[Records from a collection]
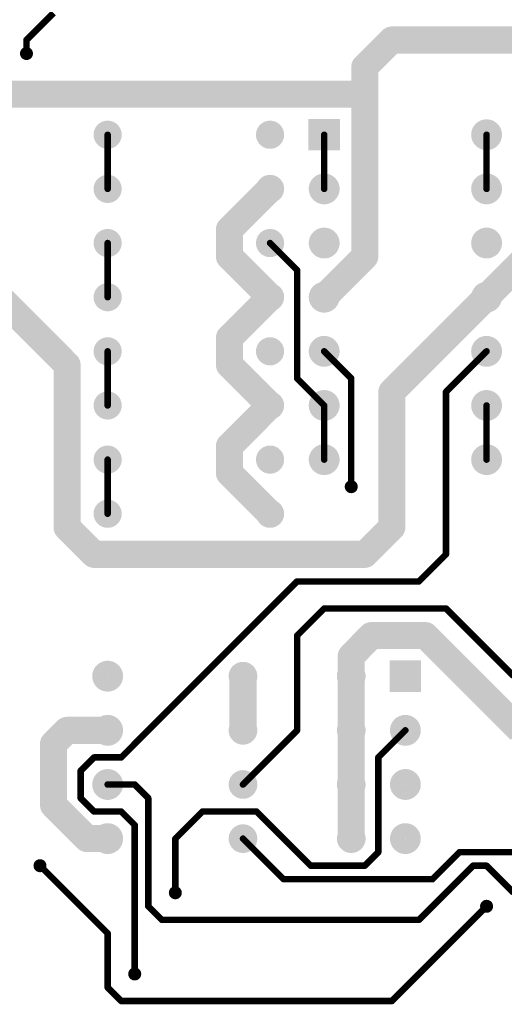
# Model space of a CAD drawing. Extents: x 0.24 to 7.39, y 0.21 to 4.62.
# Tile 5 of 11: x 3.93 to 4.83, y 0.21 to 2.03. Entities that reach past the tile are written whole.
import ezdxf

# ---------------------------------------------------------------- set-up
doc = ezdxf.new("R2010")
doc.units = 0

msp = doc.modelspace()

# ---------------------------------------------------------------- linework, layer by layer
at = {"layer": 'BOT'}
for points, const_width in [([(3.996, 2.046), (3.946, 1.996)], 0.012), ([(4.571, 1.946), (4.621, 1.996)], 0.05), ([(4.621, 1.996), (5.446, 1.996)], 0.05), ([(3.946, 1.996), (3.946, 1.971)], 0.012), ([(4.571, 1.896), (4.571, 1.946)], 0.05), ([(3.871, 1.896), (4.571, 1.896)], 0.05), ([(4.571, 1.896), (4.571, 1.596)], 0.05), ([(4.571, 1.596), (4.571, 1.896)], 0.05), ([(4.096, 1.721), (4.096, 1.821)], 0.012), ([(4.496, 1.721), (4.496, 1.821)], 0.012), ([(4.796, 1.721), (4.796, 1.821)], 0.012), ([(4.396, 1.721), (4.321, 1.646)], 0.05), ([(4.321, 1.646), (4.321, 1.596)], 0.05), ([(4.921, 1.646), (4.796, 1.521)], 0.05), ([(4.096, 1.521), (4.096, 1.621)], 0.012), ([(4.321, 1.596), (4.396, 1.521)], 0.05), ([(4.396, 1.621), (4.446, 1.571)], 0.012), ([(4.571, 1.596), (4.496, 1.521)], 0.05), ([(4.496, 1.521), (4.571, 1.596)], 0.05), ([(4.446, 1.571), (4.446, 1.371)], 0.012), ([(4.021, 1.396), (3.896, 1.521)], 0.05), ([(4.396, 1.521), (4.321, 1.446)], 0.05), ([(4.796, 1.521), (4.621, 1.346)], 0.05), ([(4.321, 1.446), (4.321, 1.396)], 0.05), ([(4.021, 1.096), (4.021, 1.396)], 0.05), ([(4.096, 1.321), (4.096, 1.421)], 0.012), ([(4.321, 1.396), (4.396, 1.321)], 0.05), ([(4.546, 1.371), (4.496, 1.421)], 0.012), ([(4.796, 1.421), (4.721, 1.346)], 0.012), ([(4.446, 1.371), (4.496, 1.321)], 0.012), ([(4.546, 1.171), (4.546, 1.371)], 0.012), ([(4.621, 1.346), (4.621, 1.096)], 0.05), ([(4.396, 1.321), (4.321, 1.246)], 0.05), ([(4.721, 1.346), (4.721, 1.046)], 0.012), ([(4.496, 1.221), (4.496, 1.321)], 0.012), ([(4.796, 1.221), (4.796, 1.321)], 0.012), ([(4.321, 1.246), (4.321, 1.196)], 0.05), ([(4.096, 1.121), (4.096, 1.221)], 0.012), ([(4.321, 1.196), (4.396, 1.121)], 0.05), ([(4.071, 1.046), (4.021, 1.096)], 0.05), ([(4.621, 1.096), (4.571, 1.046)], 0.05), ([(4.571, 1.046), (4.071, 1.046)], 0.05), ([(4.721, 1.046), (4.671, 0.996)], 0.012), ([(4.446, 0.996), (4.121, 0.671)], 0.012), ([(4.671, 0.996), (4.446, 0.996)], 0.012), ([(4.446, 0.896), (4.496, 0.946)], 0.012), ([(4.496, 0.946), (4.721, 0.946)], 0.012), ([(4.721, 0.946), (4.846, 0.821)], 0.012), ([(4.583, 0.896), (4.546, 0.858)], 0.05), ([(4.683, 0.896), (4.583, 0.896)], 0.05), ([(4.858, 0.721), (4.683, 0.896)], 0.05), ([(4.446, 0.721), (4.446, 0.896)], 0.012), ([(4.546, 0.858), (4.546, 0.821)], 0.05), ([(4.346, 0.721), (4.346, 0.821)], 0.05), ([(4.546, 0.721), (4.546, 0.821)], 0.05), ([(3.996, 0.696), (4.021, 0.721)], 0.05), ([(4.021, 0.721), (4.096, 0.721)], 0.05), ([(4.546, 0.621), (4.546, 0.721)], 0.05), ([(3.996, 0.583), (3.996, 0.696)], 0.05), ([(4.346, 0.621), (4.446, 0.721)], 0.012), ([(4.646, 0.721), (4.596, 0.671)], 0.012), ([(4.071, 0.671), (4.046, 0.646)], 0.012), ([(4.121, 0.671), (4.071, 0.671)], 0.012), ([(4.596, 0.671), (4.596, 0.496)], 0.012), ([(4.046, 0.646), (4.046, 0.596)], 0.012), ([(4.546, 0.521), (4.546, 0.621)], 0.05), ([(4.096, 0.621), (4.146, 0.621)], 0.012), ([(4.146, 0.621), (4.171, 0.596)], 0.012), ([(4.058, 0.521), (3.996, 0.583)], 0.05), ([(4.046, 0.596), (4.071, 0.571)], 0.012), ([(4.171, 0.596), (4.171, 0.396)], 0.012), ([(4.071, 0.571), (4.121, 0.571)], 0.012), ([(4.121, 0.571), (4.146, 0.546)], 0.012), ([(4.271, 0.571), (4.221, 0.521)], 0.012), ([(4.371, 0.571), (4.271, 0.571)], 0.012), ([(4.471, 0.471), (4.371, 0.571)], 0.012), ([(4.096, 0.521), (4.058, 0.521)], 0.05), ([(4.146, 0.546), (4.146, 0.271)], 0.012), ([(4.221, 0.521), (4.221, 0.421)], 0.012), ([(4.346, 0.521), (4.421, 0.446)], 0.012), ([(4.596, 0.496), (4.571, 0.471)], 0.012), ([(4.696, 0.446), (4.746, 0.496)], 0.012), ([(4.746, 0.496), (4.871, 0.496)], 0.012), ([(4.096, 0.346), (3.971, 0.471)], 0.012), ([(4.571, 0.471), (4.471, 0.471)], 0.012), ([(4.671, 0.371), (4.771, 0.471)], 0.012), ([(4.771, 0.471), (4.796, 0.471)], 0.012), ([(4.796, 0.471), (4.846, 0.421)], 0.012), ([(4.421, 0.446), (4.696, 0.446)], 0.012), ([(4.171, 0.396), (4.196, 0.371)], 0.012), ([(4.796, 0.396), (4.621, 0.221)], 0.012), ([(4.196, 0.371), (4.671, 0.371)], 0.012), ([(4.096, 0.246), (4.096, 0.346)], 0.012), ([(4.121, 0.221), (4.096, 0.246)], 0.012), ([(4.621, 0.221), (4.121, 0.221)], 0.012)]:
    msp.add_lwpolyline(points, dxfattribs=dict(at, const_width=const_width))
for points, const_width in [([(4.6085, 1.996, 1), (4.6335, 1.996, 1)], 0.025), ([(4.6085, 1.996, 1), (4.6335, 1.996, 1)], 0.025), ([(3.943, 1.996, 1), (3.949, 1.996, 1)], 0.006), ([(3.943, 1.996, 1), (3.949, 1.996, 1)], 0.006), ([(3.94, 1.971, 1), (3.952, 1.971, 1)], 0.012), ([(3.943, 1.971, 1), (3.949, 1.971, 1)], 0.006), ([(4.5585, 1.946, 1), (4.5835, 1.946, 1)], 0.025), ([(4.5585, 1.946, 1), (4.5835, 1.946, 1)], 0.025), ([(4.5585, 1.896, 1), (4.5835, 1.896, 1)], 0.025), ([(4.5585, 1.896, 1), (4.5835, 1.896, 1)], 0.025), ([(4.5585, 1.896, 1), (4.5835, 1.896, 1)], 0.025), ([(4.5585, 1.896, 1), (4.5835, 1.896, 1)], 0.025), ([(4.083, 1.821, 1), (4.109, 1.821, 1)], 0.026), ([(4.383, 1.821, 1), (4.409, 1.821, 1)], 0.026), ([(4.782, 1.821, 1), (4.81, 1.821, 1)], 0.029), ([(4.093, 1.821, 1), (4.099, 1.821, 1)], 0.006), ([(4.493, 1.821, 1), (4.499, 1.821, 1)], 0.006), ([(4.793, 1.821, 1), (4.799, 1.821, 1)], 0.006), ([(4.083, 1.721, 1), (4.109, 1.721, 1)], 0.026), ([(4.383, 1.721, 1), (4.409, 1.721, 1)], 0.026), ([(4.3835, 1.721, 1), (4.4085, 1.721, 1)], 0.025), ([(4.482, 1.721, 1), (4.51, 1.721, 1)], 0.029), ([(4.782, 1.721, 1), (4.81, 1.721, 1)], 0.029), ([(4.093, 1.721, 1), (4.099, 1.721, 1)], 0.006), ([(4.493, 1.721, 1), (4.499, 1.721, 1)], 0.006), ([(4.793, 1.721, 1), (4.799, 1.721, 1)], 0.006), ([(4.3085, 1.646, 1), (4.3335, 1.646, 1)], 0.025), ([(4.3085, 1.646, 1), (4.3335, 1.646, 1)], 0.025), ([(4.083, 1.621, 1), (4.109, 1.621, 1)], 0.026), ([(4.383, 1.621, 1), (4.409, 1.621, 1)], 0.026), ([(4.482, 1.621, 1), (4.51, 1.621, 1)], 0.029), ([(4.782, 1.621, 1), (4.81, 1.621, 1)], 0.029), ([(4.093, 1.621, 1), (4.099, 1.621, 1)], 0.006), ([(4.3085, 1.596, 1), (4.3335, 1.596, 1)], 0.025), ([(4.3085, 1.596, 1), (4.3335, 1.596, 1)], 0.025), ([(4.393, 1.621, 1), (4.399, 1.621, 1)], 0.006), ([(4.5585, 1.596, 1), (4.5835, 1.596, 1)], 0.025), ([(4.5585, 1.596, 1), (4.5835, 1.596, 1)], 0.025), ([(4.5585, 1.596, 1), (4.5835, 1.596, 1)], 0.025), ([(4.5585, 1.596, 1), (4.5835, 1.596, 1)], 0.025), ([(4.443, 1.571, 1), (4.449, 1.571, 1)], 0.006), ([(4.443, 1.571, 1), (4.449, 1.571, 1)], 0.006), ([(4.083, 1.521, 1), (4.109, 1.521, 1)], 0.026), ([(4.383, 1.521, 1), (4.409, 1.521, 1)], 0.026), ([(4.3835, 1.521, 1), (4.4085, 1.521, 1)], 0.025), ([(4.3835, 1.521, 1), (4.4085, 1.521, 1)], 0.025), ([(4.482, 1.521, 1), (4.51, 1.521, 1)], 0.029), ([(4.4835, 1.521, 1), (4.5085, 1.521, 1)], 0.025), ([(4.4835, 1.521, 1), (4.5085, 1.521, 1)], 0.025), ([(4.782, 1.521, 1), (4.81, 1.521, 1)], 0.029), ([(4.7835, 1.521, 1), (4.8085, 1.521, 1)], 0.025), ([(4.7835, 1.521, 1), (4.8085, 1.521, 1)], 0.025), ([(4.093, 1.521, 1), (4.099, 1.521, 1)], 0.006), ([(4.3085, 1.446, 1), (4.3335, 1.446, 1)], 0.025), ([(4.3085, 1.446, 1), (4.3335, 1.446, 1)], 0.025), ([(4.083, 1.421, 1), (4.109, 1.421, 1)], 0.026), ([(4.383, 1.421, 1), (4.409, 1.421, 1)], 0.026), ([(4.482, 1.421, 1), (4.51, 1.421, 1)], 0.029), ([(4.782, 1.421, 1), (4.81, 1.421, 1)], 0.029), ([(4.0085, 1.396, 1), (4.0335, 1.396, 1)], 0.025), ([(4.0085, 1.396, 1), (4.0335, 1.396, 1)], 0.025), ([(4.093, 1.421, 1), (4.099, 1.421, 1)], 0.006), ([(4.3085, 1.396, 1), (4.3335, 1.396, 1)], 0.025), ([(4.3085, 1.396, 1), (4.3335, 1.396, 1)], 0.025), ([(4.493, 1.421, 1), (4.499, 1.421, 1)], 0.006), ([(4.793, 1.421, 1), (4.799, 1.421, 1)], 0.006), ([(4.443, 1.371, 1), (4.449, 1.371, 1)], 0.006), ([(4.443, 1.371, 1), (4.449, 1.371, 1)], 0.006), ([(4.543, 1.371, 1), (4.549, 1.371, 1)], 0.006), ([(4.543, 1.371, 1), (4.549, 1.371, 1)], 0.006), ([(4.6085, 1.346, 1), (4.6335, 1.346, 1)], 0.025), ([(4.6085, 1.346, 1), (4.6335, 1.346, 1)], 0.025), ([(4.083, 1.321, 1), (4.109, 1.321, 1)], 0.026), ([(4.383, 1.321, 1), (4.409, 1.321, 1)], 0.026), ([(4.3835, 1.321, 1), (4.4085, 1.321, 1)], 0.025), ([(4.3835, 1.321, 1), (4.4085, 1.321, 1)], 0.025), ([(4.482, 1.321, 1), (4.51, 1.321, 1)], 0.029), ([(4.718, 1.346, 1), (4.724, 1.346, 1)], 0.006), ([(4.718, 1.346, 1), (4.724, 1.346, 1)], 0.006), ([(4.782, 1.321, 1), (4.81, 1.321, 1)], 0.029), ([(4.093, 1.321, 1), (4.099, 1.321, 1)], 0.006), ([(4.493, 1.321, 1), (4.499, 1.321, 1)], 0.006), ([(4.493, 1.321, 1), (4.499, 1.321, 1)], 0.006), ([(4.793, 1.321, 1), (4.799, 1.321, 1)], 0.006), ([(4.3085, 1.246, 1), (4.3335, 1.246, 1)], 0.025), ([(4.3085, 1.246, 1), (4.3335, 1.246, 1)], 0.025), ([(4.083, 1.221, 1), (4.109, 1.221, 1)], 0.026), ([(4.383, 1.221, 1), (4.409, 1.221, 1)], 0.026), ([(4.482, 1.221, 1), (4.51, 1.221, 1)], 0.029), ([(4.782, 1.221, 1), (4.81, 1.221, 1)], 0.029), ([(4.093, 1.221, 1), (4.099, 1.221, 1)], 0.006), ([(4.3085, 1.196, 1), (4.3335, 1.196, 1)], 0.025), ([(4.3085, 1.196, 1), (4.3335, 1.196, 1)], 0.025), ([(4.493, 1.221, 1), (4.499, 1.221, 1)], 0.006), ([(4.793, 1.221, 1), (4.799, 1.221, 1)], 0.006), ([(4.54, 1.171, 1), (4.552, 1.171, 1)], 0.012), ([(4.543, 1.171, 1), (4.549, 1.171, 1)], 0.006), ([(4.083, 1.121, 1), (4.109, 1.121, 1)], 0.026), ([(4.383, 1.121, 1), (4.409, 1.121, 1)], 0.026), ([(4.3835, 1.121, 1), (4.4085, 1.121, 1)], 0.025), ([(4.0085, 1.096, 1), (4.0335, 1.096, 1)], 0.025), ([(4.0085, 1.096, 1), (4.0335, 1.096, 1)], 0.025), ([(4.093, 1.121, 1), (4.099, 1.121, 1)], 0.006), ([(4.6085, 1.096, 1), (4.6335, 1.096, 1)], 0.025), ([(4.6085, 1.096, 1), (4.6335, 1.096, 1)], 0.025), ([(4.0585, 1.046, 1), (4.0835, 1.046, 1)], 0.025), ([(4.0585, 1.046, 1), (4.0835, 1.046, 1)], 0.025), ([(4.5585, 1.046, 1), (4.5835, 1.046, 1)], 0.025), ([(4.5585, 1.046, 1), (4.5835, 1.046, 1)], 0.025), ([(4.718, 1.046, 1), (4.724, 1.046, 1)], 0.006), ([(4.718, 1.046, 1), (4.724, 1.046, 1)], 0.006), ([(4.443, 0.996, 1), (4.449, 0.996, 1)], 0.006), ([(4.443, 0.996, 1), (4.449, 0.996, 1)], 0.006), ([(4.668, 0.996, 1), (4.674, 0.996, 1)], 0.006), ([(4.668, 0.996, 1), (4.674, 0.996, 1)], 0.006), ([(4.493, 0.946, 1), (4.499, 0.946, 1)], 0.006), ([(4.493, 0.946, 1), (4.499, 0.946, 1)], 0.006), ([(4.718, 0.946, 1), (4.724, 0.946, 1)], 0.006), ([(4.718, 0.946, 1), (4.724, 0.946, 1)], 0.006), ([(4.5705, 0.896, 1), (4.5955, 0.896, 1)], 0.025), ([(4.5705, 0.896, 1), (4.5955, 0.896, 1)], 0.025), ([(4.6705, 0.896, 1), (4.6955, 0.896, 1)], 0.025), ([(4.6705, 0.896, 1), (4.6955, 0.896, 1)], 0.025), ([(4.443, 0.896, 1), (4.449, 0.896, 1)], 0.006), ([(4.443, 0.896, 1), (4.449, 0.896, 1)], 0.006), ([(4.5335, 0.858, 1), (4.5585, 0.858, 1)], 0.025), ([(4.5335, 0.858, 1), (4.5585, 0.858, 1)], 0.025), ([(4.082, 0.821, 1), (4.11, 0.821, 1)], 0.029), ([(4.333, 0.821, 1), (4.359, 0.821, 1)], 0.027), ([(4.3335, 0.821, 1), (4.3585, 0.821, 1)], 0.025), ([(4.533, 0.821, 1), (4.559, 0.821, 1)], 0.027), ([(4.5335, 0.821, 1), (4.5585, 0.821, 1)], 0.025), ([(4.5335, 0.821, 1), (4.5585, 0.821, 1)], 0.025), ([(4.0085, 0.721, 1), (4.0335, 0.721, 1)], 0.025), ([(4.0085, 0.721, 1), (4.0335, 0.721, 1)], 0.025), ([(4.082, 0.721, 1), (4.11, 0.721, 1)], 0.029), ([(4.0835, 0.721, 1), (4.1085, 0.721, 1)], 0.025), ([(4.333, 0.721, 1), (4.359, 0.721, 1)], 0.027), ([(4.3335, 0.721, 1), (4.3585, 0.721, 1)], 0.025), ([(4.533, 0.721, 1), (4.559, 0.721, 1)], 0.027), ([(4.5335, 0.721, 1), (4.5585, 0.721, 1)], 0.025), ([(4.5335, 0.721, 1), (4.5585, 0.721, 1)], 0.025), ([(4.632, 0.721, 1), (4.66, 0.721, 1)], 0.029), ([(3.9835, 0.696, 1), (4.0085, 0.696, 1)], 0.025), ([(3.9835, 0.696, 1), (4.0085, 0.696, 1)], 0.025), ([(4.443, 0.721, 1), (4.449, 0.721, 1)], 0.006), ([(4.443, 0.721, 1), (4.449, 0.721, 1)], 0.006), ([(4.643, 0.721, 1), (4.649, 0.721, 1)], 0.006), ([(4.068, 0.671, 1), (4.074, 0.671, 1)], 0.006), ([(4.068, 0.671, 1), (4.074, 0.671, 1)], 0.006), ([(4.118, 0.671, 1), (4.124, 0.671, 1)], 0.006), ([(4.118, 0.671, 1), (4.124, 0.671, 1)], 0.006), ([(4.593, 0.671, 1), (4.599, 0.671, 1)], 0.006), ([(4.593, 0.671, 1), (4.599, 0.671, 1)], 0.006), ([(4.043, 0.646, 1), (4.049, 0.646, 1)], 0.006), ([(4.043, 0.646, 1), (4.049, 0.646, 1)], 0.006), ([(4.082, 0.621, 1), (4.11, 0.621, 1)], 0.029), ([(4.333, 0.621, 1), (4.359, 0.621, 1)], 0.027), ([(4.533, 0.621, 1), (4.559, 0.621, 1)], 0.027), ([(4.5335, 0.621, 1), (4.5585, 0.621, 1)], 0.025), ([(4.5335, 0.621, 1), (4.5585, 0.621, 1)], 0.025), ([(4.632, 0.621, 1), (4.66, 0.621, 1)], 0.029), ([(4.093, 0.621, 1), (4.099, 0.621, 1)], 0.006), ([(4.143, 0.621, 1), (4.149, 0.621, 1)], 0.006), ([(4.143, 0.621, 1), (4.149, 0.621, 1)], 0.006), ([(4.343, 0.621, 1), (4.349, 0.621, 1)], 0.006), ([(3.9835, 0.583, 1), (4.0085, 0.583, 1)], 0.025), ([(3.9835, 0.583, 1), (4.0085, 0.583, 1)], 0.025), ([(4.043, 0.596, 1), (4.049, 0.596, 1)], 0.006), ([(4.043, 0.596, 1), (4.049, 0.596, 1)], 0.006), ([(4.168, 0.596, 1), (4.174, 0.596, 1)], 0.006), ([(4.168, 0.596, 1), (4.174, 0.596, 1)], 0.006), ([(4.068, 0.571, 1), (4.074, 0.571, 1)], 0.006), ([(4.068, 0.571, 1), (4.074, 0.571, 1)], 0.006), ([(4.118, 0.571, 1), (4.124, 0.571, 1)], 0.006), ([(4.118, 0.571, 1), (4.124, 0.571, 1)], 0.006), ([(4.268, 0.571, 1), (4.274, 0.571, 1)], 0.006), ([(4.268, 0.571, 1), (4.274, 0.571, 1)], 0.006), ([(4.368, 0.571, 1), (4.374, 0.571, 1)], 0.006), ([(4.368, 0.571, 1), (4.374, 0.571, 1)], 0.006), ([(4.0455, 0.521, 1), (4.0705, 0.521, 1)], 0.025), ([(4.0455, 0.521, 1), (4.0705, 0.521, 1)], 0.025), ([(4.082, 0.521, 1), (4.11, 0.521, 1)], 0.029), ([(4.0835, 0.521, 1), (4.1085, 0.521, 1)], 0.025), ([(4.143, 0.546, 1), (4.149, 0.546, 1)], 0.006), ([(4.143, 0.546, 1), (4.149, 0.546, 1)], 0.006), ([(4.333, 0.521, 1), (4.359, 0.521, 1)], 0.027), ([(4.533, 0.521, 1), (4.559, 0.521, 1)], 0.027), ([(4.5335, 0.521, 1), (4.5585, 0.521, 1)], 0.025), ([(4.632, 0.521, 1), (4.66, 0.521, 1)], 0.029), ([(4.218, 0.521, 1), (4.224, 0.521, 1)], 0.006), ([(4.218, 0.521, 1), (4.224, 0.521, 1)], 0.006), ([(4.343, 0.521, 1), (4.349, 0.521, 1)], 0.006), ([(4.593, 0.496, 1), (4.599, 0.496, 1)], 0.006), ([(4.593, 0.496, 1), (4.599, 0.496, 1)], 0.006), ([(4.743, 0.496, 1), (4.749, 0.496, 1)], 0.006), ([(4.743, 0.496, 1), (4.749, 0.496, 1)], 0.006), ([(3.965, 0.471, 1), (3.977, 0.471, 1)], 0.012), ([(3.968, 0.471, 1), (3.974, 0.471, 1)], 0.006), ([(4.468, 0.471, 1), (4.474, 0.471, 1)], 0.006), ([(4.468, 0.471, 1), (4.474, 0.471, 1)], 0.006), ([(4.568, 0.471, 1), (4.574, 0.471, 1)], 0.006), ([(4.568, 0.471, 1), (4.574, 0.471, 1)], 0.006), ([(4.768, 0.471, 1), (4.774, 0.471, 1)], 0.006), ([(4.768, 0.471, 1), (4.774, 0.471, 1)], 0.006), ([(4.793, 0.471, 1), (4.799, 0.471, 1)], 0.006), ([(4.793, 0.471, 1), (4.799, 0.471, 1)], 0.006), ([(4.418, 0.446, 1), (4.424, 0.446, 1)], 0.006), ([(4.418, 0.446, 1), (4.424, 0.446, 1)], 0.006), ([(4.693, 0.446, 1), (4.699, 0.446, 1)], 0.006), ([(4.693, 0.446, 1), (4.699, 0.446, 1)], 0.006), ([(4.215, 0.421, 1), (4.227, 0.421, 1)], 0.012), ([(4.218, 0.421, 1), (4.224, 0.421, 1)], 0.006), ([(4.168, 0.396, 1), (4.174, 0.396, 1)], 0.006), ([(4.168, 0.396, 1), (4.174, 0.396, 1)], 0.006), ([(4.79, 0.396, 1), (4.802, 0.396, 1)], 0.012), ([(4.793, 0.396, 1), (4.799, 0.396, 1)], 0.006), ([(4.193, 0.371, 1), (4.199, 0.371, 1)], 0.006), ([(4.193, 0.371, 1), (4.199, 0.371, 1)], 0.006), ([(4.668, 0.371, 1), (4.674, 0.371, 1)], 0.006), ([(4.668, 0.371, 1), (4.674, 0.371, 1)], 0.006), ([(4.093, 0.346, 1), (4.099, 0.346, 1)], 0.006), ([(4.093, 0.346, 1), (4.099, 0.346, 1)], 0.006), ([(4.14, 0.271, 1), (4.152, 0.271, 1)], 0.012), ([(4.143, 0.271, 1), (4.149, 0.271, 1)], 0.006), ([(4.093, 0.246, 1), (4.099, 0.246, 1)], 0.006), ([(4.093, 0.246, 1), (4.099, 0.246, 1)], 0.006), ([(4.118, 0.221, 1), (4.124, 0.221, 1)], 0.006), ([(4.118, 0.221, 1), (4.124, 0.221, 1)], 0.006), ([(4.618, 0.221, 1), (4.624, 0.221, 1)], 0.006), ([(4.618, 0.221, 1), (4.624, 0.221, 1)], 0.006)]:
    msp.add_lwpolyline(points, format="xyb", close=True, dxfattribs=dict(at, const_width=const_width))
for points in [[(4.467, 1.792), (4.525, 1.792), (4.467, 1.85), (4.525, 1.85)], [(4.617, 0.792), (4.675, 0.792), (4.617, 0.85), (4.675, 0.85)]]:
    msp.add_solid(points, dxfattribs=at)

doc.saveas('drawing.dxf')

## What the task requires
Scan the entries above for the word "drawing" and collect each line holding it.

## Response area
# Model space of a CAD drawing. Extents: x 0.24 to 7.39, y 0.21 to 4.62.
doc.saveas('drawing.dxf')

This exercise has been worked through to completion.